Je pense que les organisateurs auraient mieux fait de réduire un peu les budgets des équipes, et ainsi offrir la chance à plus de bateaux de participer. En termes de sponsoring, les temps sont durs pour tout le monde. Lors de la 32e America’s Cup, Alinghi pouvait compter sur le soutien de plus de 40 sociétés, sponsors et fournisseurs officiels confondus.

On était alors entre 2003 et 2007 et l’économie se portait bien. Il est certain que la stratégie d’Oracle n’a pas fait de bien à l’image de la voile, mais ce sport reste une grande source d’inspiration pour la communication des entreprises, tant sur la communication de valeurs à l’externe que sur la communication interne, team spirit, stratégie, sport propre, etc.

Alinghi vient de célébrer les 10 ans de sa victoire en Coupe de l’America. Votre sentiment?

C’était exceptionnel, et ça restera exceptionnel, car désormais il sera très difficile pour une équipe européenne de gagner la Coupe de l’America. Je ne vois certainement pas cette opportunité arriver lors de cette édition. Plus les années passeront, plus on se rendra compte que cet exploit était historique.

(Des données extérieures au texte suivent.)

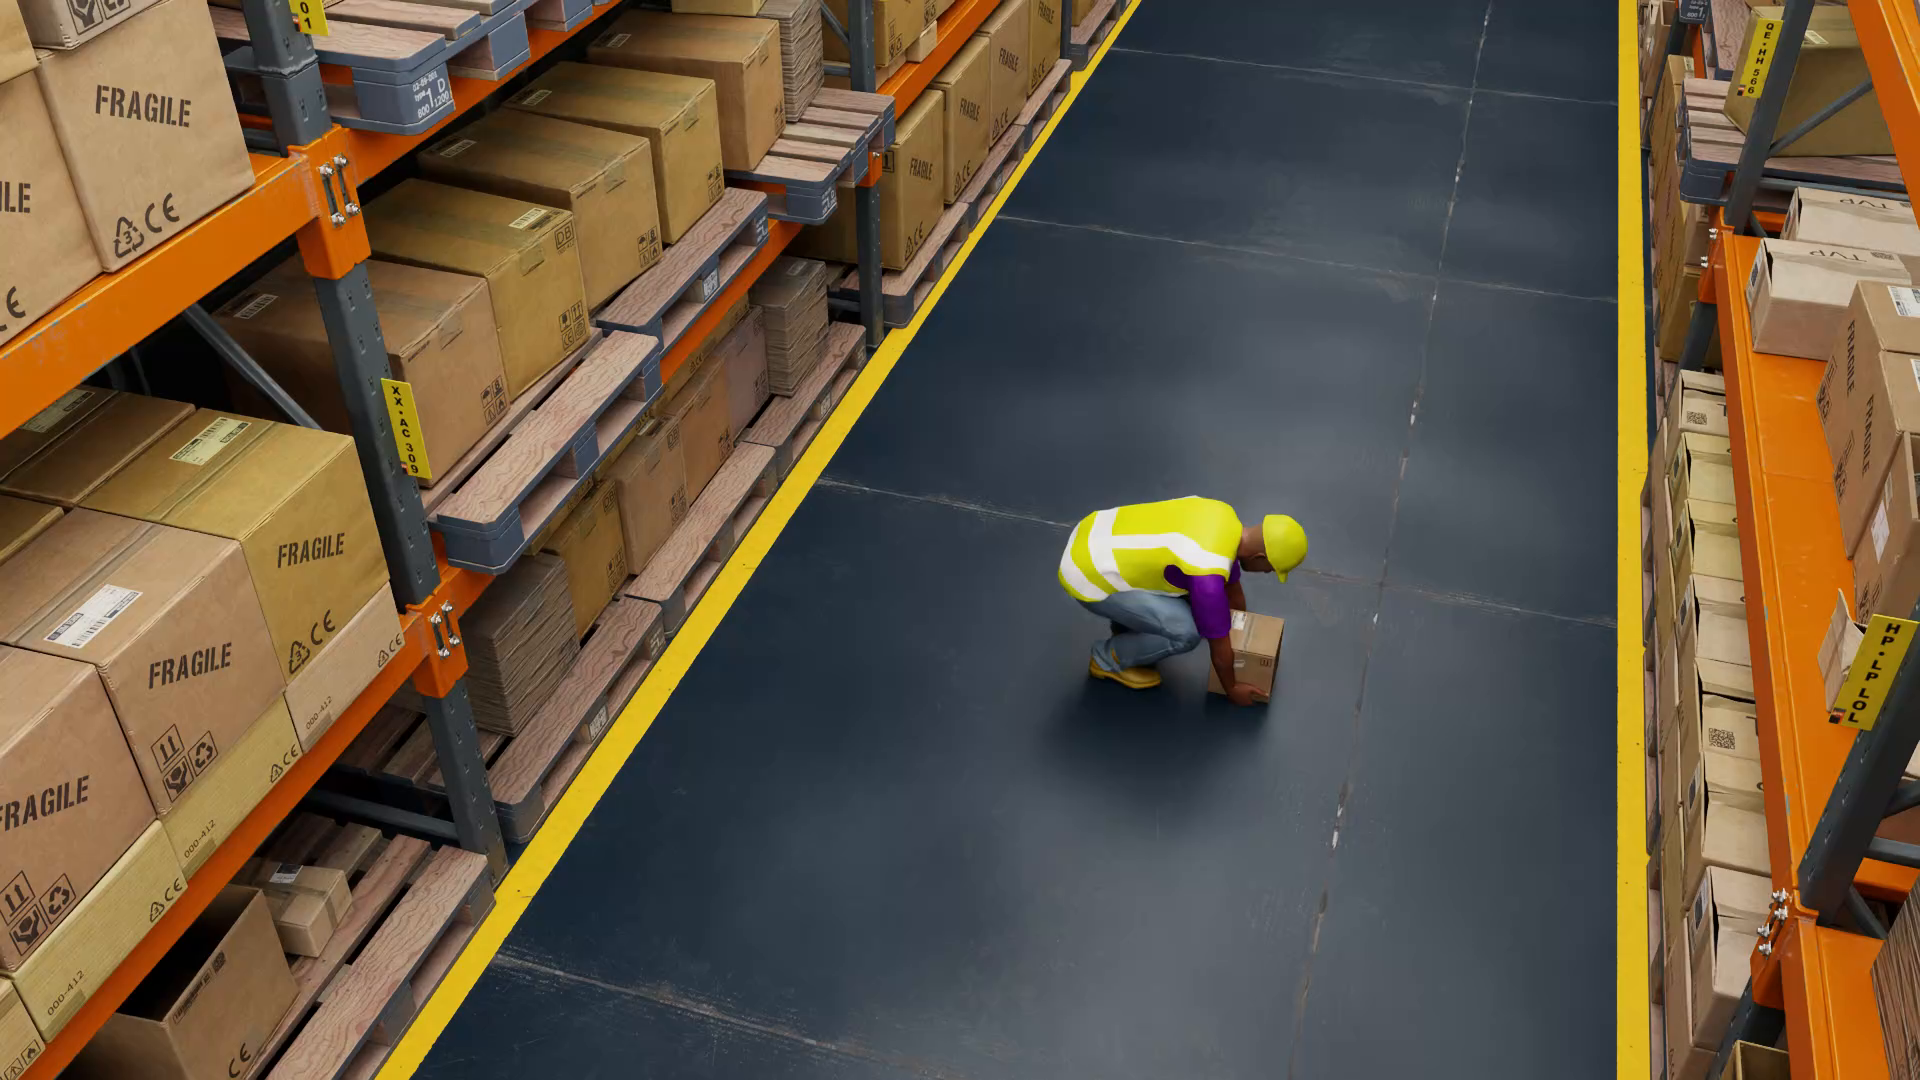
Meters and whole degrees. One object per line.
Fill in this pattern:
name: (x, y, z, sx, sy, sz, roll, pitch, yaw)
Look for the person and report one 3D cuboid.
person: (0.882, 0.201, 6.706, 0.953, 0.828, 0.531, 10, 38, 13)

Je pense que nous pouvons dire qu’Alinghi a été une source d’inspiration dans le monde de la voile ces dix dernières années. Quand je prends du recul, j’ai le sentiment d’avoir eu la chance de partager avec mon équipe un grand moment de vie. Lorsque l’on a perdu la Coupe en 2010, la parenthèse s’est refermée. Mais une nouvelle participation à la Coupe de l’America n’est pas impossible.

Simplement, les conditions-cadres pour une participation d’Alinghi ne sont pas réunies. Elles sont aujourd’hui beaucoup trop à l’avantage du Defender, et les coûts beaucoup trop élevés par rapport à la situation économique du moment. De plus, les AC 72 sont à mon avis très dangereux.

Ce que l’on peut espérer ? C’est que les organisateurs prennent acte de ce qui est en train de se passer et ajustent le tir pour la prochaine fois.

Y a-t-il une génération Alinghi ?

Oui, je le crois. Les garçons qui naviguent aujourd’hui sur le lac ou à l’international – souvent contre nous d’ailleurs – étaient des adolescents lors de notre victoire en 2003. Ils étaient certainement devant leur poste de télévision à regarder les victoires d’Alinghi. Ça a certainement dû les inspirer. Nous avons une jeune génération très prometteuse.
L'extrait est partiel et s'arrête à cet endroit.